──────── Provided data ────────

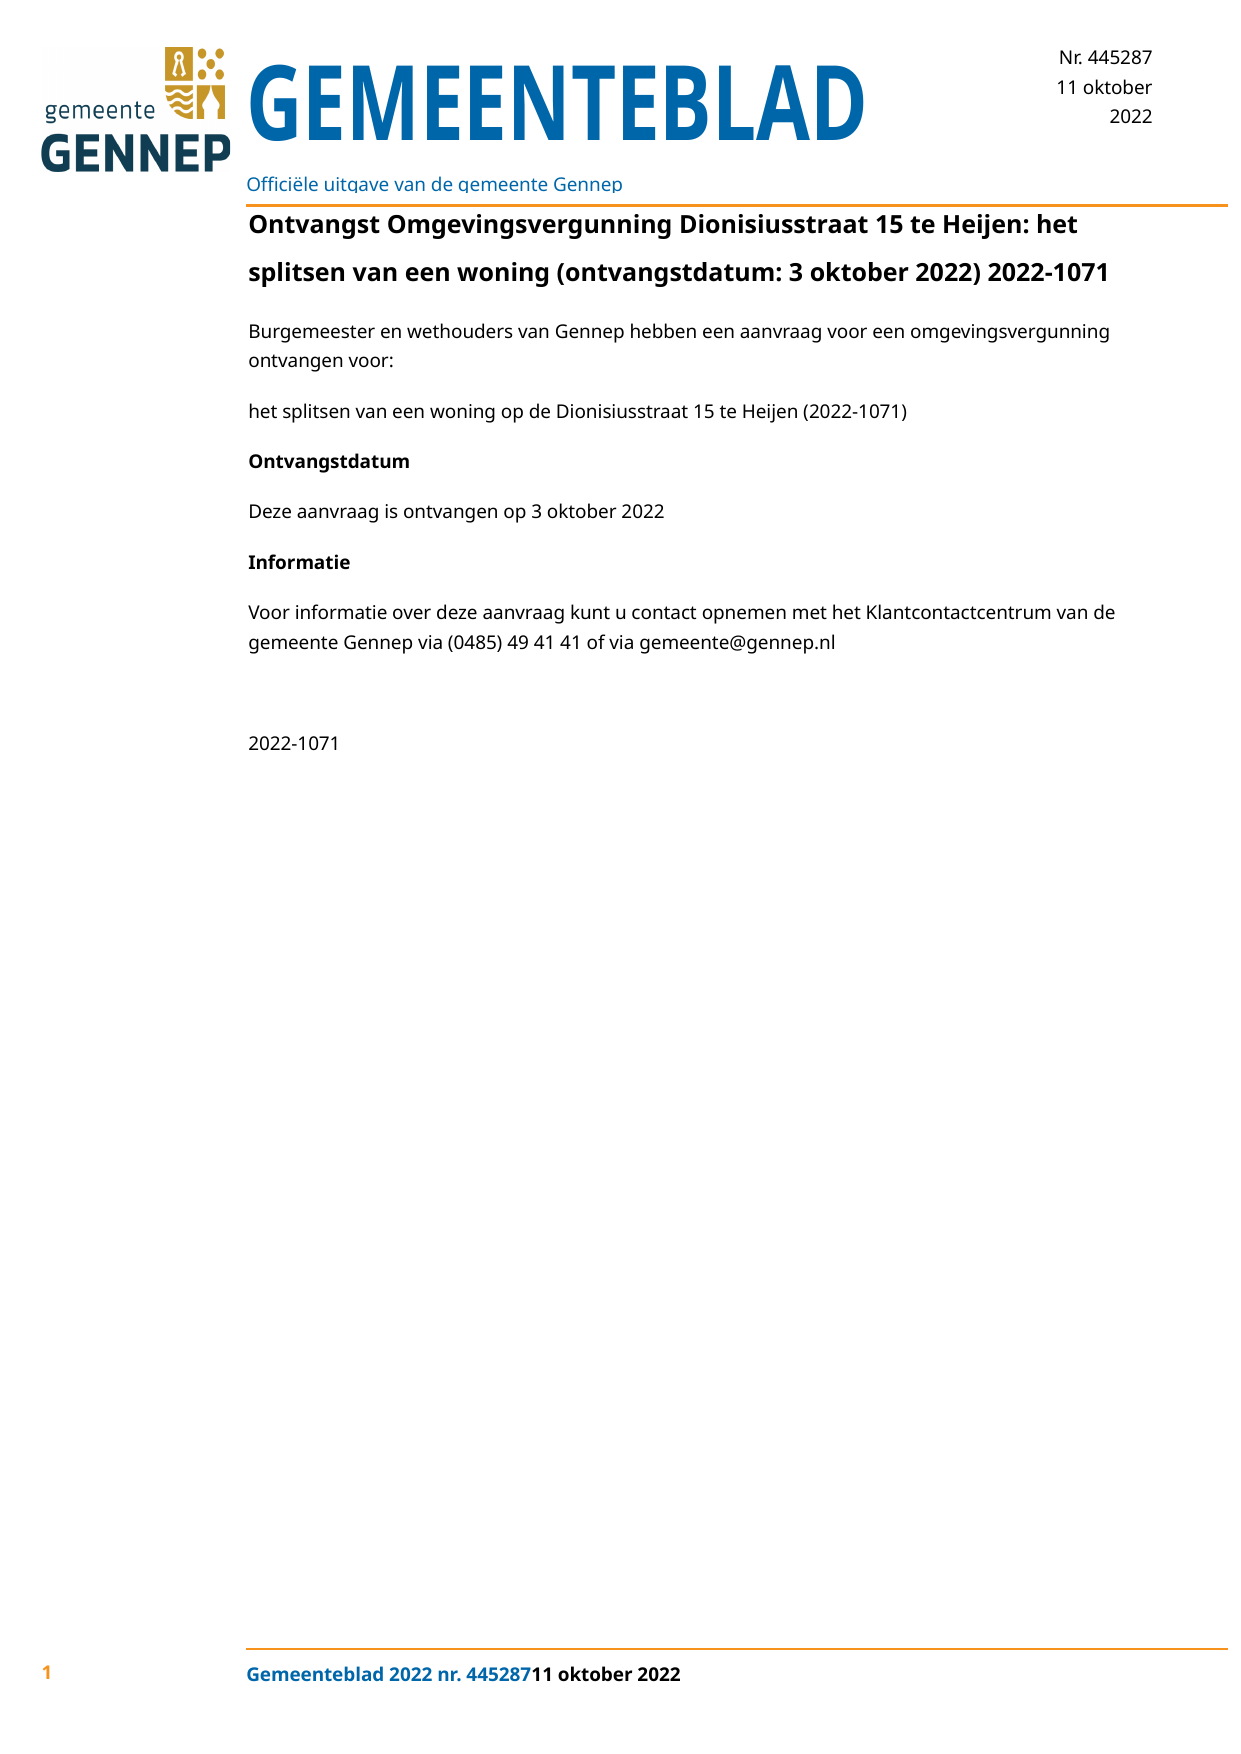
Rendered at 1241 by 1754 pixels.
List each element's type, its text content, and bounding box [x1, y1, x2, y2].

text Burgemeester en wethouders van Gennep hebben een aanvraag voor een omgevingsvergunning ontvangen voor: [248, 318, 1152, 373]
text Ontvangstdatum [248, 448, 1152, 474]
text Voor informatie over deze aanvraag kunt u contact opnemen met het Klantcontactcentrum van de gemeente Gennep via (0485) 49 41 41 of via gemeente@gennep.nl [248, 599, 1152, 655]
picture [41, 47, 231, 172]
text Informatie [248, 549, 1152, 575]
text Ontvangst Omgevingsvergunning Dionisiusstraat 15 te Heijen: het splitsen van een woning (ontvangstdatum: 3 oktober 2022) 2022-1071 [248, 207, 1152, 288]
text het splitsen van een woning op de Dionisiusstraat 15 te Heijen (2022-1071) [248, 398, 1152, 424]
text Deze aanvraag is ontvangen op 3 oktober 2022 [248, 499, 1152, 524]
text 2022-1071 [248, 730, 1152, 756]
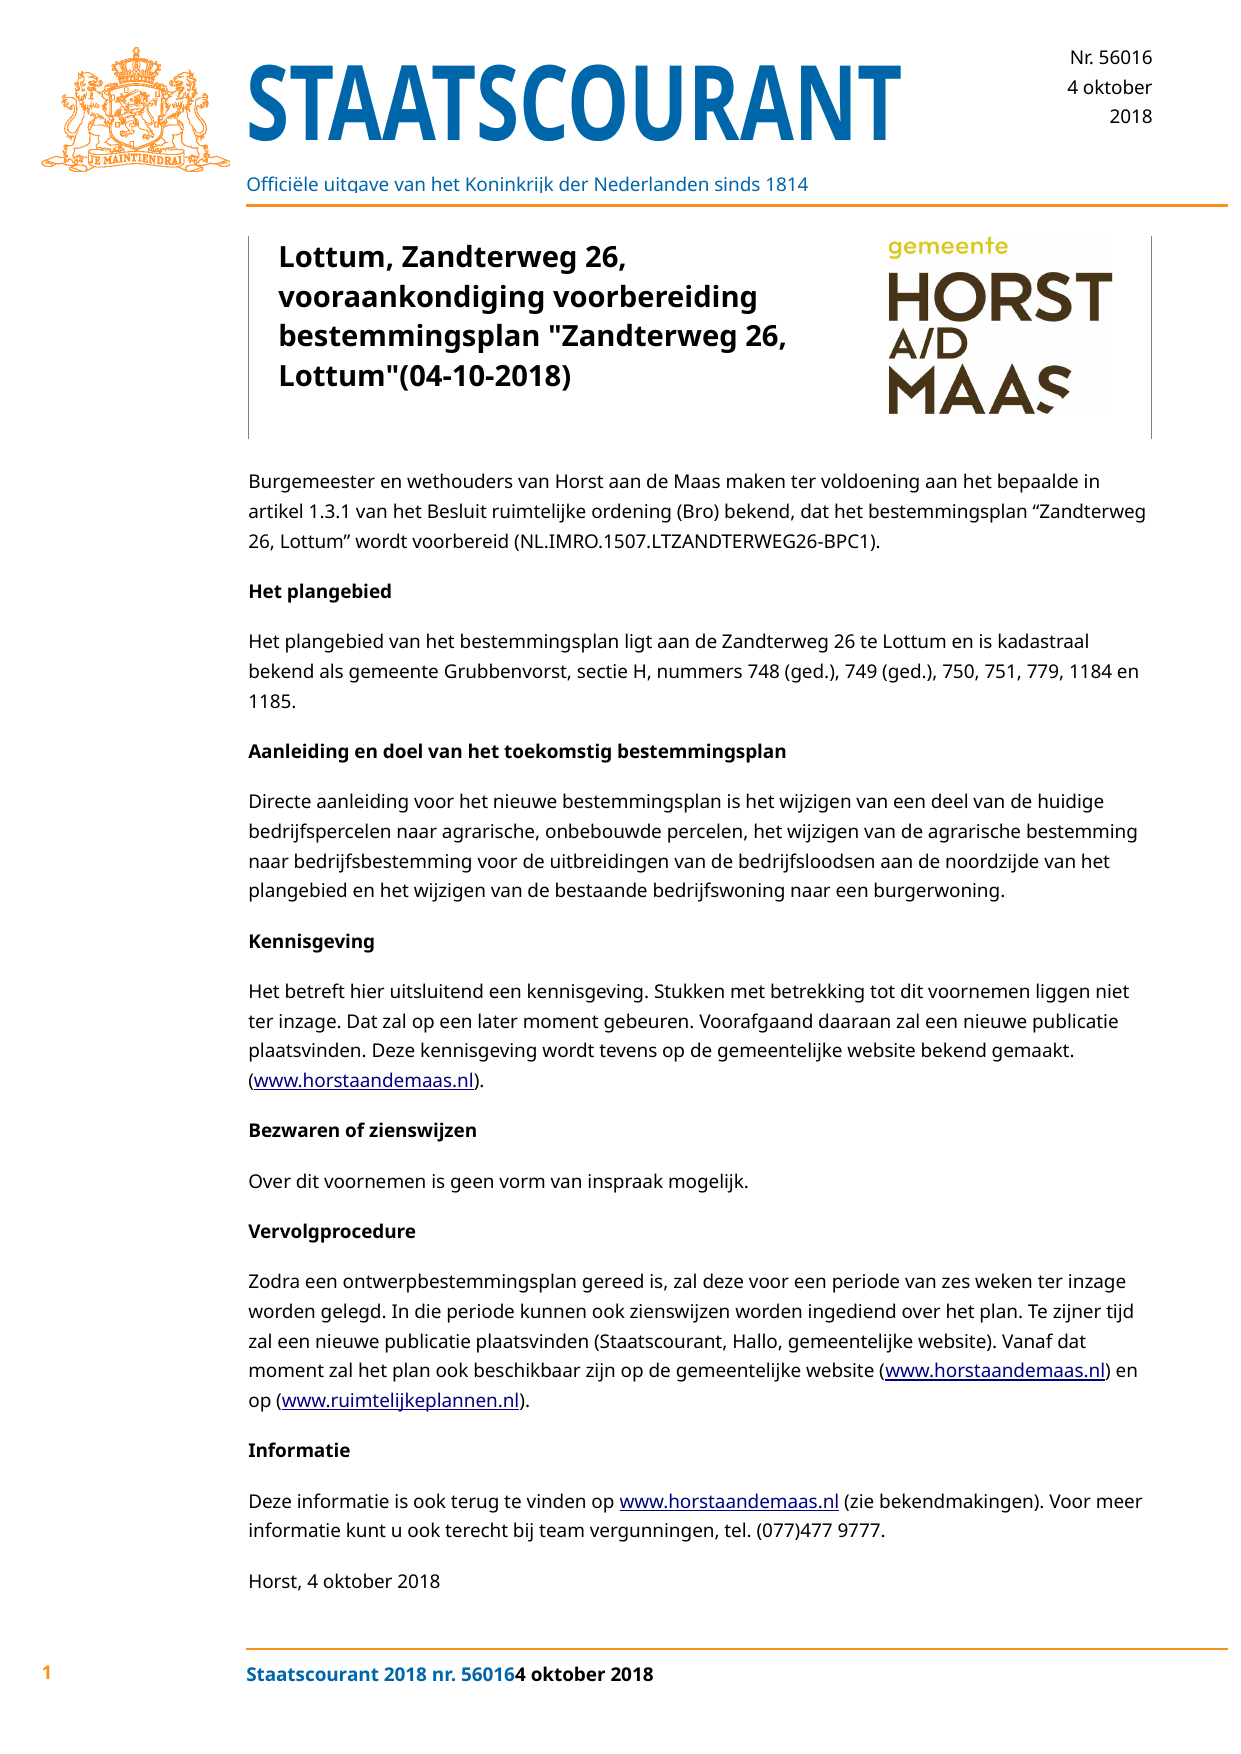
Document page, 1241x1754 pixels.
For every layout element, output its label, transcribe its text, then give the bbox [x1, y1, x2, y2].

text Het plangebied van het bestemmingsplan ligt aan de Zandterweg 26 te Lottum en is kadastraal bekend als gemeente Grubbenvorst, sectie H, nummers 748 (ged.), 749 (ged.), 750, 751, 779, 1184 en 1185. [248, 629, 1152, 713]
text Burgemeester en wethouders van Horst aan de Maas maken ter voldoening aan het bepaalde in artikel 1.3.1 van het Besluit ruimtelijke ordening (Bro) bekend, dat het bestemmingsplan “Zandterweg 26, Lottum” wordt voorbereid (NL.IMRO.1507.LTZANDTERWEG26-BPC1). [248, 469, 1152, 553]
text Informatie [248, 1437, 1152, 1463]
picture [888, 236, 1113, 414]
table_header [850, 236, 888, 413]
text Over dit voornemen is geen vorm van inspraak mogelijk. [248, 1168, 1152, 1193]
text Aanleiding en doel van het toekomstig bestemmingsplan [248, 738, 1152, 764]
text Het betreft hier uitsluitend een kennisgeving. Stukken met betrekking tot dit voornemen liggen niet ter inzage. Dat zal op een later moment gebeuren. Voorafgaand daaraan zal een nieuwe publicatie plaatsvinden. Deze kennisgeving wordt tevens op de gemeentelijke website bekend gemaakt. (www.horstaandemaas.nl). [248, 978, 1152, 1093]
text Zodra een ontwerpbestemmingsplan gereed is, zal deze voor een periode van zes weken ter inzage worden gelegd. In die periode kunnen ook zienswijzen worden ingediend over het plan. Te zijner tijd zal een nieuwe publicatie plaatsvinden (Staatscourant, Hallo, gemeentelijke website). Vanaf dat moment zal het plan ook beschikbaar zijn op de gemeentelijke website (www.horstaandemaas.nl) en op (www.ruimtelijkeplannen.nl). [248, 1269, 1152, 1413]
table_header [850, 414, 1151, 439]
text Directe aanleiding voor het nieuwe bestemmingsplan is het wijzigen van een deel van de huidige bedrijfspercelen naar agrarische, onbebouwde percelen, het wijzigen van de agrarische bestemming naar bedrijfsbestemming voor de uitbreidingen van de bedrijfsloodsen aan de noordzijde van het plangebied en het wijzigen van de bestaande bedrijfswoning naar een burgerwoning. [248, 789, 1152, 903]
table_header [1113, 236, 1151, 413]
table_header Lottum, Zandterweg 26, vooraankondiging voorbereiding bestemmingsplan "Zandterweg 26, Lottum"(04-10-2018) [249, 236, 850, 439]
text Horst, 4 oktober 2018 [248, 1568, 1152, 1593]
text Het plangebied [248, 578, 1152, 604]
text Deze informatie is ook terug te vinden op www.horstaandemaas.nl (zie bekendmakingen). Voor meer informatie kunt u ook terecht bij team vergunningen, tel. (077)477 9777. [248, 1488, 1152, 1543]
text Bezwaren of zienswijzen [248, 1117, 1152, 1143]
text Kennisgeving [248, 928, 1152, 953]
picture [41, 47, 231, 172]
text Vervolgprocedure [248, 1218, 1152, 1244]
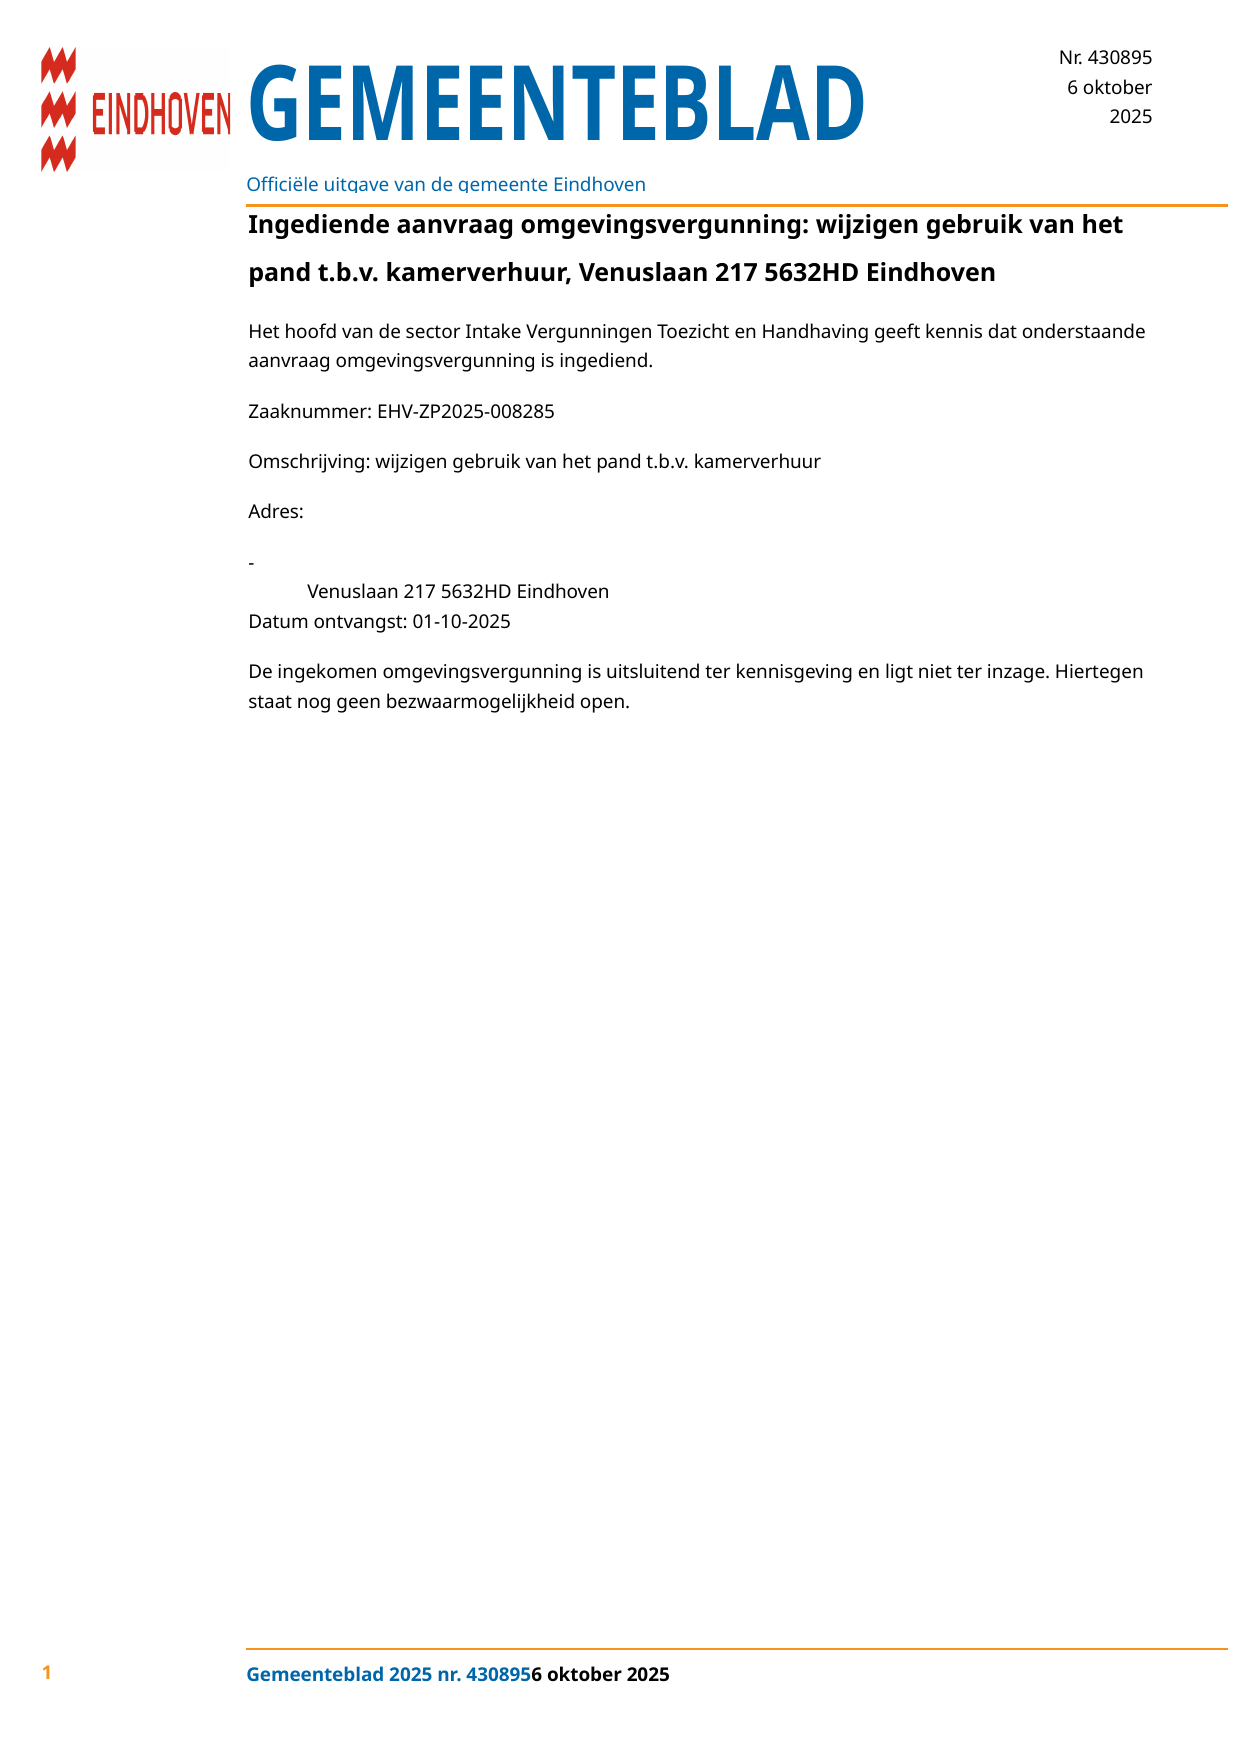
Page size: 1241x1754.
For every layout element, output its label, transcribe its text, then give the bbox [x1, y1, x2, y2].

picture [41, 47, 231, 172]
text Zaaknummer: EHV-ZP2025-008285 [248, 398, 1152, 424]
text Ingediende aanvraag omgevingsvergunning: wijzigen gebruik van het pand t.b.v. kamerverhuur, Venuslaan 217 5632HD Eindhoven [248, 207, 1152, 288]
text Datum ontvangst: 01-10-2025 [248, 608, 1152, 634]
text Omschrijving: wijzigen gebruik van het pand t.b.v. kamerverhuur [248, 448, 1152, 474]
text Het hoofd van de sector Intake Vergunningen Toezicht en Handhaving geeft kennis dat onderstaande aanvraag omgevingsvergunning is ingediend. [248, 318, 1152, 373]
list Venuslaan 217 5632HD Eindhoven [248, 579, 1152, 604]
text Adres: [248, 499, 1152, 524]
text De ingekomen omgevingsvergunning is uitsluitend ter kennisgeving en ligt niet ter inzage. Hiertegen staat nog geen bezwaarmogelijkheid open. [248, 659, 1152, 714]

────────

§ **Exercise goal**: Write out word for word the lines above that run from the one with "text Ontvangst Omgevingsvergunning" to the one with "text Het plangebied van". Include both end lines; exclude the images.

§ **Solved exercise**:
text Ontvangst Omgevingsvergunning Dionisiusstraat 15 te Heijen: het splitsen van een woning (ontvangstdatum: 3 oktober 2022) 2022-1071 [248, 207, 1152, 288]
text het splitsen van een woning op de Dionisiusstraat 15 te Heijen (2022-1071) [248, 398, 1152, 424]
text Deze aanvraag is ontvangen op 3 oktober 2022 [248, 499, 1152, 524]
text 2022-1071 [248, 730, 1152, 756]
Document page, 1241x1754 pixels.
For every layout element, output its label, transcribe its text, then give the bbox [x1, y1, x2, y2].

text Het plangebied van het bestemmingsplan ligt aan de Zandterweg 26 te Lottum en is kadastraal bekend als gemeente Grubbenvorst, sectie H, nummers 748 (ged.), 749 (ged.), 750, 751, 779, 1184 en 1185. [248, 629, 1152, 713]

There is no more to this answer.